Time to distance map for all taps
The few outliers here are close enough to the edge that expanding the box to
to 100ms/1.3mm we get more than 95%. So it appears that our hypothesis is
correct, reducing the timeout to 116ms and 1.8mm will have a 95% detection
reliability. Furthermore, using the clean data it looks like we can use a
lower threshold than previously assumed and still get a good detection
ratio. Specifically, data collected in a controlled environment across 42 different users of varying familiarity with touchpad tapping shows that 100ms and 1.3mm gets us a 95% detection rate of taps.
What does this mean for users?
Based on the above, the libinput thresholds will be reduced to 100ms and 1.3mm.
Let's see how we go with this and then we can increase it in the
future if misdetection is higher than expected.

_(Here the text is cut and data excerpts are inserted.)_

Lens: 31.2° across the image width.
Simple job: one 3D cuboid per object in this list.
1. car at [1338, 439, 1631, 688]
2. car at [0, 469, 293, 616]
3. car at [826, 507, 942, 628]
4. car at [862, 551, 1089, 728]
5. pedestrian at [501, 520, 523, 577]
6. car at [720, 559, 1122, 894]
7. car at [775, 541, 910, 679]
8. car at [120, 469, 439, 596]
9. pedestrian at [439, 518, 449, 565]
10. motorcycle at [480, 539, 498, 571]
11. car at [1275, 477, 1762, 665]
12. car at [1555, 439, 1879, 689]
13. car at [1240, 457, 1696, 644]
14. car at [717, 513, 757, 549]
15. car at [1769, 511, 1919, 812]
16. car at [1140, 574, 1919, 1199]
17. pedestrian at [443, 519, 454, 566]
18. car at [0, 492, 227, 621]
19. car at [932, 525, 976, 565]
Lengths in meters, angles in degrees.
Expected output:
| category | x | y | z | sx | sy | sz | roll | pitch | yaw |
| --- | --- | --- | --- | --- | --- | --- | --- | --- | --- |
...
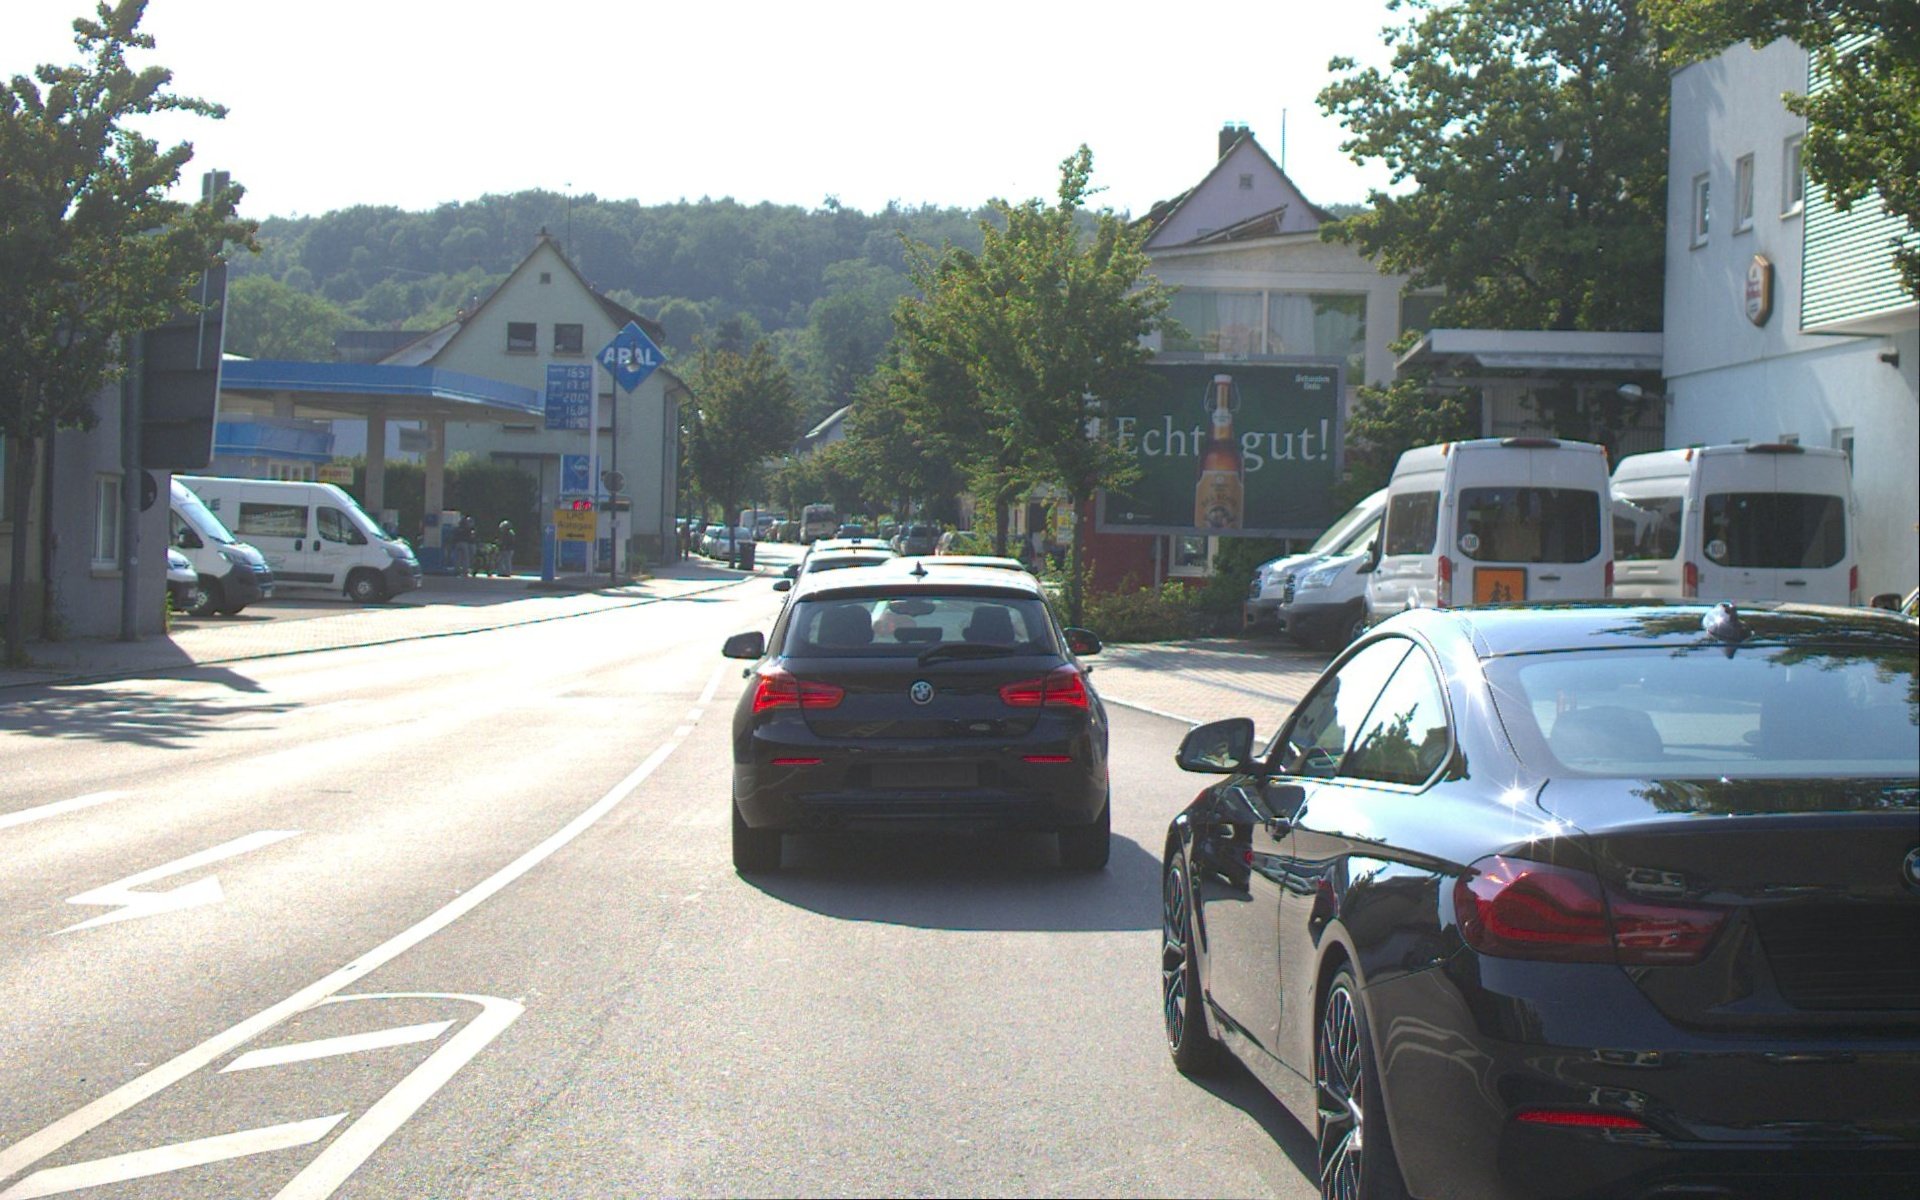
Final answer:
| category | x | y | z | sx | sy | sz | roll | pitch | yaw |
| --- | --- | --- | --- | --- | --- | --- | --- | --- | --- |
| car | 6.062 | -0.486 | 40.653 | 2.149 | 2.671 | 6.604 | 1 | 2 | -2 |
| car | -15.266 | -1.071 | 62.036 | 5.920 | 2.471 | 2.193 | 2 | 2 | 4 |
| car | -1.132 | -0.531 | 52.502 | 1.603 | 1.761 | 3.411 | 1 | 2 | 1 |
| car | 0.081 | 0.304 | 30.277 | 1.753 | 1.409 | 3.422 | 1 | 2 | -4 |
| pedestrian | -13.395 | -1.542 | 102.777 | 0.610 | 1.664 | 0.442 | 1 | 1 | -4 |
| car | -0.168 | 0.541 | 17.028 | 1.771 | 1.451 | 3.516 | 1 | 1 | 0 |
| car | -1.481 | 0.087 | 42.931 | 1.591 | 1.594 | 3.894 | 1 | 2 | -2 |
| car | -14.162 | -1.419 | 71.799 | 6.158 | 2.436 | 2.250 | 2 | 1 | 0 |
| pedestrian | -15.269 | -1.723 | 101.669 | 0.262 | 1.378 | 0.288 | 1 | 1 | -6 |
| motorcycle | -14.035 | -1.341 | 102.432 | 0.363 | 0.940 | 1.696 | 1 | 2 | -2 |
| car | 7.347 | -0.401 | 45.621 | 6.043 | 2.355 | 2.044 | 1 | 1 | -3 |
| car | 8.840 | -0.477 | 40.836 | 2.111 | 2.712 | 6.444 | 1 | 2 | -3 |
| car | 7.116 | -0.713 | 48.544 | 6.043 | 2.507 | 2.044 | 1 | 1 | -3 |
| car | -9.706 | -3.032 | 150.069 | 1.597 | 1.480 | 3.475 | 2 | 1 | -2 |
| car | 6.179 | 0.349 | 18.825 | 1.834 | 1.643 | 4.540 | 1 | 1 | -8 |
| car | 1.514 | 0.668 | 8.204 | 1.699 | 1.364 | 4.263 | 0 | 2 | -3 |
| pedestrian | -15.045 | -1.696 | 101.177 | 0.287 | 1.362 | 0.263 | 1 | 1 | -5 |
| car | -14.778 | -0.754 | 56.471 | 4.976 | 1.992 | 1.935 | 2 | 1 | 2 |
| car | -0.260 | -2.209 | 137.225 | 1.597 | 1.480 | 3.475 | 2 | 1 | -2 |

Patches will on the
wayland-devel list shortly.
For users that don't have tapping enabled, this will not change anything.
All users who have tapping enabled will see a more responsive cursor on small
movements as the time and distance thresholds have been significantly
reduced. Some users may see a drop in tap detection rate. This is
hopefully a subconscious enough effect that those users learn to tap faster
or with less movement. If not, we have to look at it separately and see how
we can deal with that.
If you find any issues with the analysis above, please let me know.
[1] These scripts analyse raw touchpad data, they don't benefit from
libinput's palm detection
[2] Note: mean != average, the mean is less affected by strong outliers.
look it up, it's worth knowing
[3] X percentile means X% of events fall below this value
[4] The Brisbane and Paris offices. No separate analysis was done, so it is unknown whether close proximity to
baguettes has an effect to tap behaviour
[5] i.e. the effect of users learning how to use a system that doesn't work
well out-of-the-box. This may result in e.g. quicker taps from those that
are familiar with the system vs those that don't.